**What is expected**
The copy must hold every line from the one with "How about a" through the end of the listing, word for word, and must hold no pictures.
┌──
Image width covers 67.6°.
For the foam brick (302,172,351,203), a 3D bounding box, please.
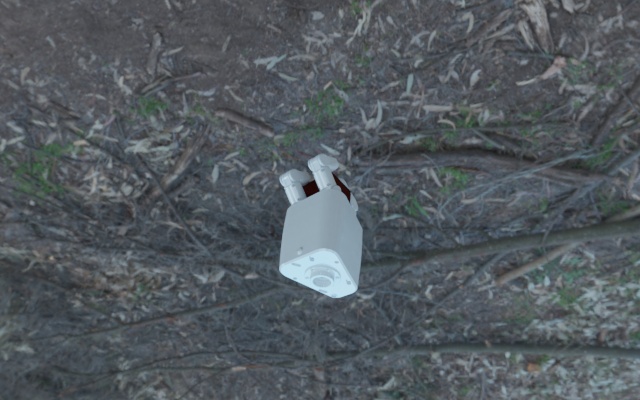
[{"bbox_3d":[0.000,0.003,0.735,0.078,0.051,0.053,-26,-53,31],"label":"foam brick"}]
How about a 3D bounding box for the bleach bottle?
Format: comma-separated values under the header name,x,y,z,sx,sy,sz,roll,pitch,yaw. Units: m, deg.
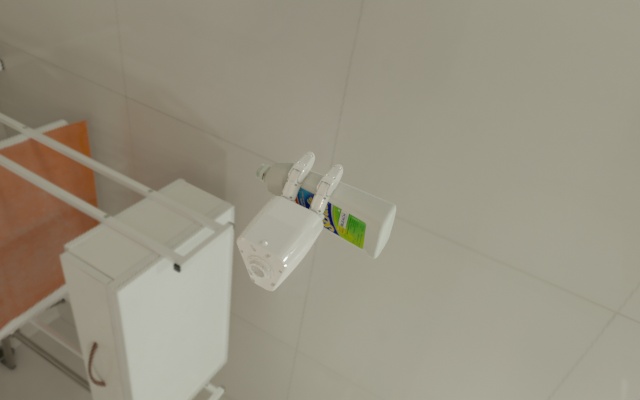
name,x,y,z,sx,sy,sz,roll,pitch,yaw
bleach bottle,0.000,0.003,0.821,0.251,0.103,0.068,24,48,18
└──
**Solution to the exercise**
How about a 3D bounding box for the bleach bottle?
Format: comma-separated values under the header name,x,y,z,sx,sy,sz,roll,pitch,yaw. Units: m, deg.
name,x,y,z,sx,sy,sz,roll,pitch,yaw
bleach bottle,0.000,0.003,0.821,0.251,0.103,0.068,24,48,18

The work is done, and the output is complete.